We’ll now make the transcription request to Gladia’s API.

Instead of /audio/text/audio-transcription now we’ll use /v2/pre-recorded

Since /v2/pre-recorded does not accept any audio file, Content-Type is not multipart/form-data anymore, but application/json.

More information about this step in the API Reference

  curl --request POST \
    --url https://api.gladia.io/audio/text/audio-transcription/ \
    # Content-Type is multipart/form-data, v2 is application/json
    --header 'Content-Type: multipart/form-data' \
    --header 'x-gladia-key: YOUR_GLADIA_API_TOKEN' \
    --form audio_url=http://youraudiofileurl.com/conversation.wav \
    # Diarization toggle & config
    --form toggle_diarization=true \
    --form diarization_min_speakers=1 \
    --form diarization_max_speakers=5 \
    --form diarization_num_speakers=3 \
    # Output format
    --form output_format=srt \
    # Language behaviour
    --form 'language_behaviour=automatic single language' \
    # Translation
    --form toggle_direct_translate=true \
    --form target_translation_language=french

Old V1 : The HTTP connection is kept opened until you get your transcription result, and there’s no third step.
New V2 : You get an instant response from the request with an id and a result_url.
The id is your transcription ID that you will use to get your transcription result once it’s done. You don’t have to keep any HTTP connection open on your side.
result_url is returned for convenience. This is a pre-built url with your transcription id in it that you can use to get your result in the next step.

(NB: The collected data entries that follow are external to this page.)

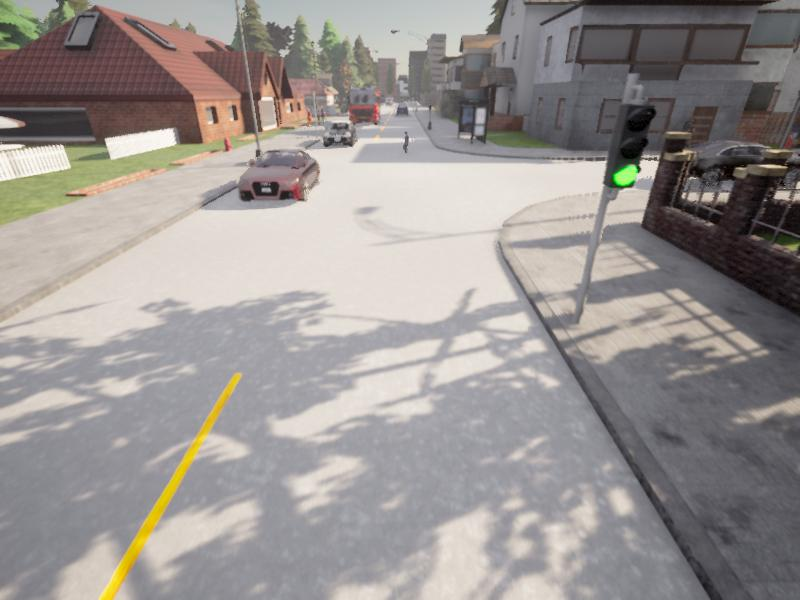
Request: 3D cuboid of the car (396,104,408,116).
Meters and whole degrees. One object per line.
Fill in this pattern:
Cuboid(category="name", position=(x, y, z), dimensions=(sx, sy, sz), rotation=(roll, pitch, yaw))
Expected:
Cuboid(category="car", position=(0.384, -30.955, 65.094), dimensions=(1.882, 1.535, 5.008), rotation=(0, 27, 0))

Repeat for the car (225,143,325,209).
Cuboid(category="car", position=(-3.930, -4.302, 13.473), dimensions=(1.994, 1.385, 4.181), rotation=(0, 27, 0))

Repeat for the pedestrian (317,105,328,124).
Cuboid(category="pedestrian", position=(-8.566, -20.481, 44.085), dimensions=(0.751, 1.860, 0.751), rotation=(-17, 32, -29))

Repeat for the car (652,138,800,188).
Cuboid(category="car", position=(12.825, -5.228, 15.157), dimensions=(4.902, 1.511, 2.128), rotation=(0, 27, 0))

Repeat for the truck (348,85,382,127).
Cuboid(category="truck", position=(-3.740, -21.664, 44.530), dimensions=(2.891, 3.827, 8.468), rotation=(0, 27, 0))

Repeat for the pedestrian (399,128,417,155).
Cuboid(category="pedestrian", position=(0.430, -8.872, 22.387), dimensions=(0.751, 1.300, 0.751), rotation=(-10, 29, -19))

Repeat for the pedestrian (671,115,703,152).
Cuboid(category="pedestrian", position=(16.066, -9.321, 22.438), dimensions=(0.751, 1.860, 0.751), rotation=(0, 27, 0))

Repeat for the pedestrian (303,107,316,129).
Cuboid(category="pedestrian", position=(-8.306, -16.720, 36.777), dimensions=(0.751, 1.860, 0.751), rotation=(5, 28, 10))

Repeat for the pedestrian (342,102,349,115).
Cuboid(category="pedestrian", position=(-8.456, -29.795, 62.185), dimensions=(0.751, 1.860, 0.751), rotation=(2, 27, 3))

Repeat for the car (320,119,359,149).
Cuboid(category="car", position=(-3.853, -10.917, 26.211), dimensions=(1.970, 1.475, 3.806), rotation=(0, 27, 0))

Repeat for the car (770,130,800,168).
Cuboid(category="car", position=(20.939, -7.026, 18.670), dimensions=(4.902, 1.511, 2.128), rotation=(0, 27, 0))

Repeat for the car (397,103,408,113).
Cuboid(category="car", position=(0.461, -37.356, 77.848), dimensions=(2.007, 1.525, 4.514), rotation=(0, 27, 0))
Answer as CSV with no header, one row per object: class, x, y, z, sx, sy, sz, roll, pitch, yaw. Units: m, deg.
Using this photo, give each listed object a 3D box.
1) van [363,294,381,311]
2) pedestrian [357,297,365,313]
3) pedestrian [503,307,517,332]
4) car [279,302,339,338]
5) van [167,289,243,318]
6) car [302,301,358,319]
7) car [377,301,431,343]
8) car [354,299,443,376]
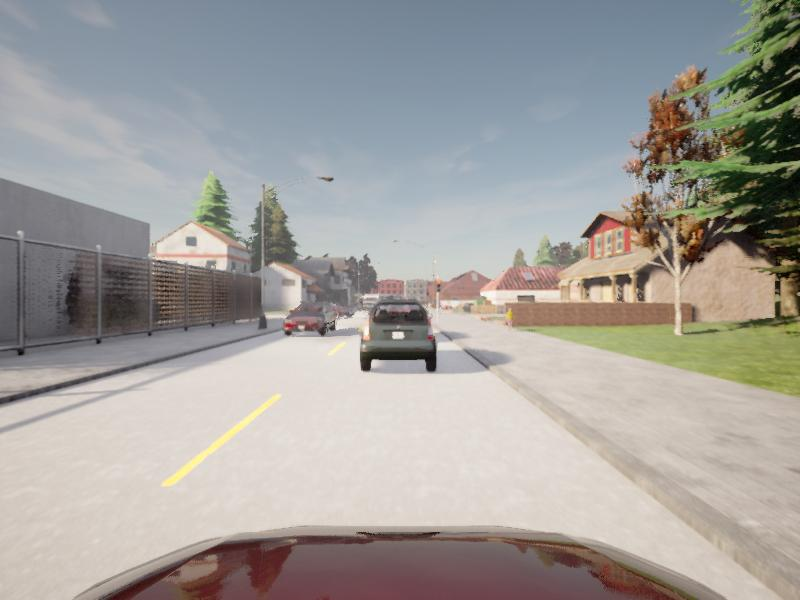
van,-4.249,0.326,61.546,2.351,2.431,6.366,0,0,0
pedestrian,-4.529,0.596,46.801,0.751,1.860,0.751,0,0,17
pedestrian,5.109,0.896,18.567,0.500,1.100,0.500,0,0,0
car,-4.059,0.838,18.523,1.816,1.474,4.193,0,0,0
van,-17.440,0.292,35.970,5.915,2.561,1.988,0,0,0
car,-6.002,0.840,34.181,4.674,1.442,1.812,0,0,31
car,0.075,0.814,16.873,2.007,1.525,4.514,0,0,-2
car,-0.035,0.779,10.368,1.851,1.617,3.988,0,0,0
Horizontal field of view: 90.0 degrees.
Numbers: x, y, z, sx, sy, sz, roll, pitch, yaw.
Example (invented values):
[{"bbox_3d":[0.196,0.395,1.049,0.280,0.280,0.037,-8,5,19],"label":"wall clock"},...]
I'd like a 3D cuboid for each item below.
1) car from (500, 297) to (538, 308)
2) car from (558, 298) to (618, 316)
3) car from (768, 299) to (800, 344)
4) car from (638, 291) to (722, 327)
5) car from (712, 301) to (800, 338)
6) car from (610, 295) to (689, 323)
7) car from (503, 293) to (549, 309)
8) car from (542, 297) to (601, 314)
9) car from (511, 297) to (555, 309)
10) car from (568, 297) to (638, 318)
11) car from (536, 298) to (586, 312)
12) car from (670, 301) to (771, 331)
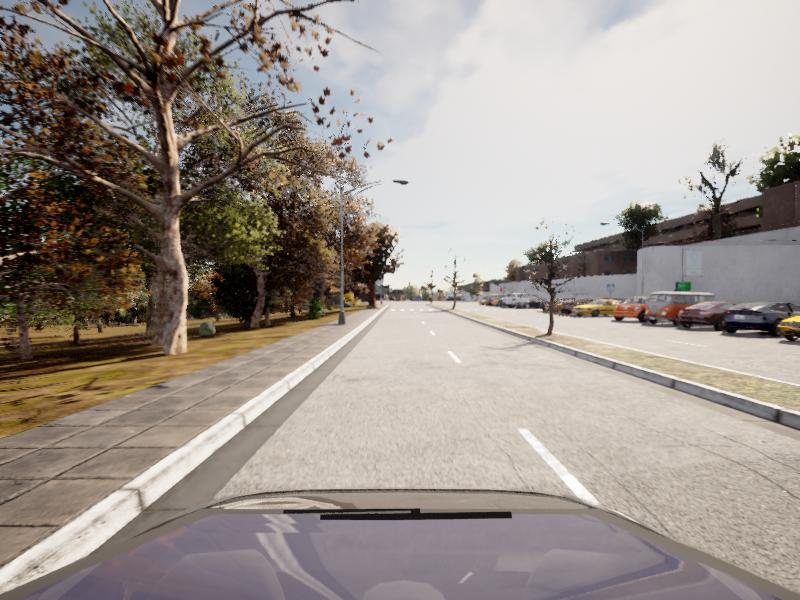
[{"bbox_3d":[16.909,0.330,56.878,5.008,1.535,2.097,1,1,-20],"label":"car"},{"bbox_3d":[16.914,0.601,36.020,4.792,1.488,2.163,1,1,-20],"label":"car"},{"bbox_3d":[16.700,0.798,15.048,5.366,1.575,1.946,1,1,-20],"label":"car"},{"bbox_3d":[16.774,0.503,24.019,4.442,1.987,1.878,1,1,-20],"label":"car"},{"bbox_3d":[16.901,0.815,18.117,4.792,1.488,2.163,1,0,-20],"label":"car"},{"bbox_3d":[16.854,0.568,27.047,4.553,1.767,2.185,1,1,-20],"label":"car"},{"bbox_3d":[16.931,0.106,53.911,5.566,2.045,2.435,1,0,-20],"label":"car"},{"bbox_3d":[16.717,0.524,38.924,5.366,1.575,1.946,1,1,-20],"label":"car"},{"bbox_3d":[16.909,0.389,50.912,4.892,1.521,2.231,1,1,-20],"label":"car"},{"bbox_3d":[16.712,0.610,32.958,5.366,1.575,1.946,1,1,-20],"label":"car"},{"bbox_3d":[16.888,0.530,41.973,4.674,1.452,2.002,1,0,-20],"label":"car"},{"bbox_3d":[16.872,0.797,21.089,4.674,1.452,2.002,1,0,-20],"label":"car"}]
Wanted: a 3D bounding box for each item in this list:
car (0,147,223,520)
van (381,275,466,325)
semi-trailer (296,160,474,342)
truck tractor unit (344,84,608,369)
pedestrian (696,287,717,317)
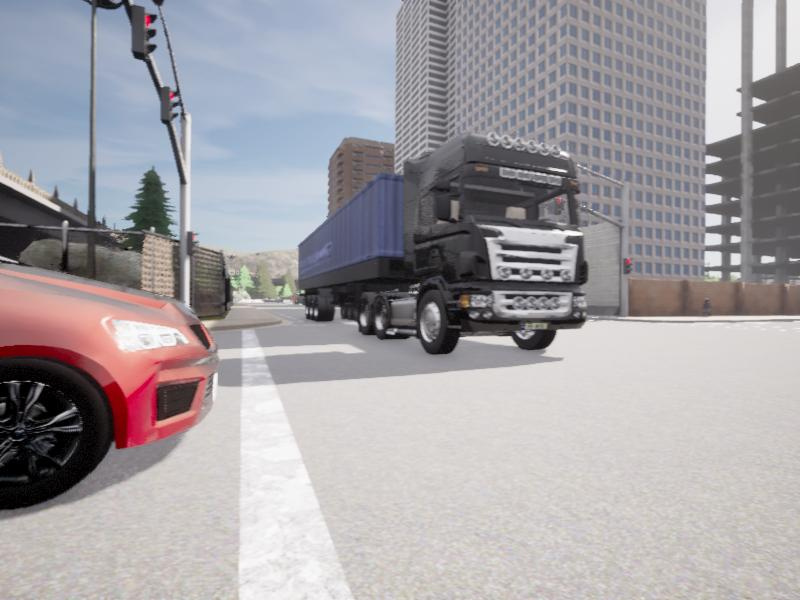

Get the transcription result

As on V1 you get the transcription results in the previous step, this step is only relevant for V2.

You can get your transcription results in 3 different ways:

Polling

Webhook

Callback URL

Callback are HTTP calls that you can use to get notified when your transcripts are ready.

Instead of polling and keeping your server busy and maintaining work, you can use the callback feature to receive the result to a specified endpoint:

{
  "audio_url": "YOUR_AUDIO_URL",
  "callback": true,
  "callback_config": {
    "url": "https://yourserverurl.com/your/callback/endpoint/",
    "method": "POST"
  }
}

Once the transcription is done, a request will be made to the url you provided in callback_config.url using the HTTP method you provided in callback_config.method. Allowed methods are POST and PUT with the default being POST.

The request body is a JSON object containing the transcription id and an event property that tells you if it’s a success or an error.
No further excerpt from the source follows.